Wen Yan poursuivit son récit décousu sur Yu Wan, évoquant inévitablement la pauvre fille aînée de la famille Yu, et ne put retenir une larme de compassion. Finalement, elle se tapota la poitrine et dit d'une voix un peu mal à l'aise à You Tong : « Neuvième sœur, il y a des choses que j'ai toujours voulu te dire, c'est juste… » Elle se mordit la lèvre, hésitante, puis murmura finalement : « Frère Xu… il a des sentiments profonds pour cette demoiselle Yu, j'ai peur qu'il… pour toi… » Elle n'ajouta rien, le sens profond de ses paroles étant évident.

You Tong lui jeta un regard reconnaissant et sourit : « Ne t'inquiète pas, je sais ce que je fais. » À bien y réfléchir, parmi les membres de la seconde branche de la famille Cui, Wen Yan était probablement la seule à ignorer sa véritable identité. You Tong fut naturellement touchée par son dévouement sans faille. Elle s'avança, prit la main de Wen Yan et la serra doucement en disant : « Frère Xu est une bonne personne ; il me traitera bien, c'est certain. N'aie pas peur. »

Le lendemain, l'impératrice douairière publia effectivement un édit convoquant You Tong. La seconde dame remarqua elle aussi que quelque chose clochait. L'impératrice douairière ne convoquait que rarement des femmes de la noblesse au palais, et encore moins les jeunes filles de diverses maisons. Le fait qu'elle convoque You Tong à plusieurs reprises était déjà pour le moins inhabituel. De plus, le moment choisi pour cette convocation coïncidait si parfaitement avec la maladie de You Tong que cela ne put qu'éveiller les soupçons.

Si Youtong n'était pas restée toute la journée à la résidence Cui sans sortir, la Seconde Dame aurait voulu la retrouver immédiatement et l'interroger en détail. Après mûre réflexion, la Seconde Dame décida d'accompagner Youtong au palais. Elle remit rapidement un mémoire à la Reine douairière Sun, et le lendemain matin, elles montèrent ensemble dans la chaise à porteurs.

Xu Wei avait également reçu la nouvelle depuis longtemps.

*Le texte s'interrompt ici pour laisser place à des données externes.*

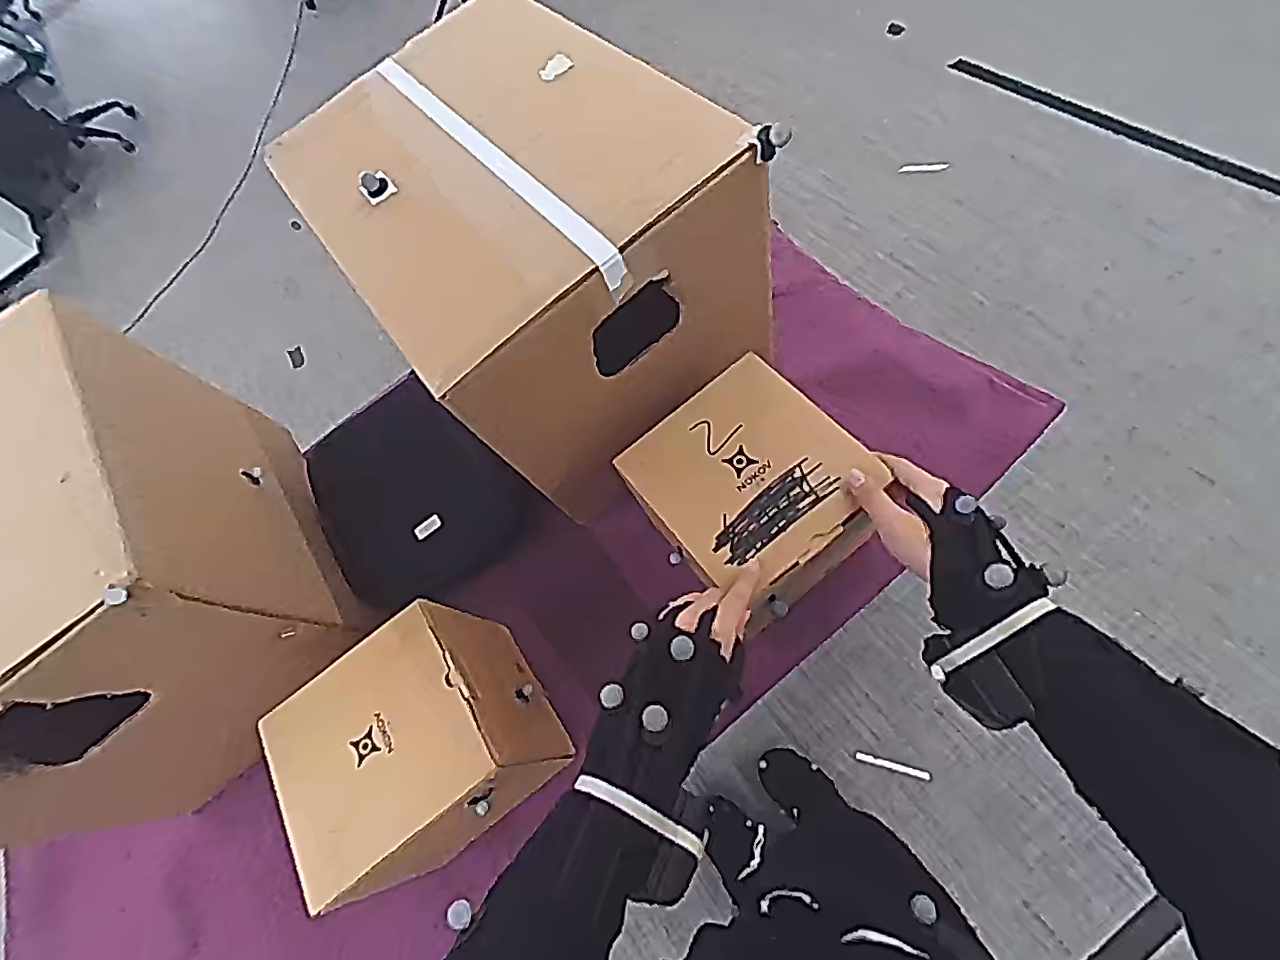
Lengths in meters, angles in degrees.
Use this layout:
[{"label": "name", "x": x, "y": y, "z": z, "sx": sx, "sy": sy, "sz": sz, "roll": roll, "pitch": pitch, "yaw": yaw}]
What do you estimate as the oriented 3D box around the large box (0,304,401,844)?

Bien qu'il fût certain que la Grande Princesse ne resterait pas les bras croisés, par précaution, il envoya tout de même Madame Xu au palais et invita plusieurs concubines influentes à l'accompagner auprès de l'Impératrice douairière. Même si cette dernière souhaitait manipuler You Tong, elle ne pourrait pas le faire ouvertement devant tout le monde.

Pour apercevoir You Tong, Xu Wei patienta délibérément à la porte du palais, les yeux rivés sur la route. Enfin, il aperçut la chaise à porteurs de la famille Cui et son cœur s'emballa. Il toussa deux fois, se leva aussitôt comme pour inspecter les environs, mais son regard se porta involontairement sur la chaise à porteurs. Les serviteurs qui l'accompagnaient eurent envie de rire, mais n'osèrent pas se retenir en présence de Xu Wei

; ils rougirent tous profondément.

Ils franchirent les portes du palais sans encombre, et la chaise à porteurs resta à l'extérieur. You Tong, vêtue d'une longue robe bleu foncé, descendit lentement de la chaise. «

Convalescente d'une grave maladie

», son visage était légèrement pâle et ses lèvres, d'un rose pâle, avaient perdu leur rouge habituel, lui donnant un air très affaibli.

Bien qu'il sût qu'elle agissait ainsi intentionnellement pour les autres, Xu Wei ressentit tout de même une pointe de douleur au cœur. Il la dévisagea avec désir, souhaitant pouvoir se précipiter sur elle et la serrer fort dans ses bras. Après l'avoir longuement fixée, il se rendit compte que son regard avait été un peu trop indiscret et, à contrecœur, détourna les yeux pour fusiller du regard les serviteurs qui les observaient. Ce regard, cependant, était dénué de toute férocité. Les subordonnés, loin d'être effrayés, échangèrent des regards complices et laissèrent échapper des rires étouffés.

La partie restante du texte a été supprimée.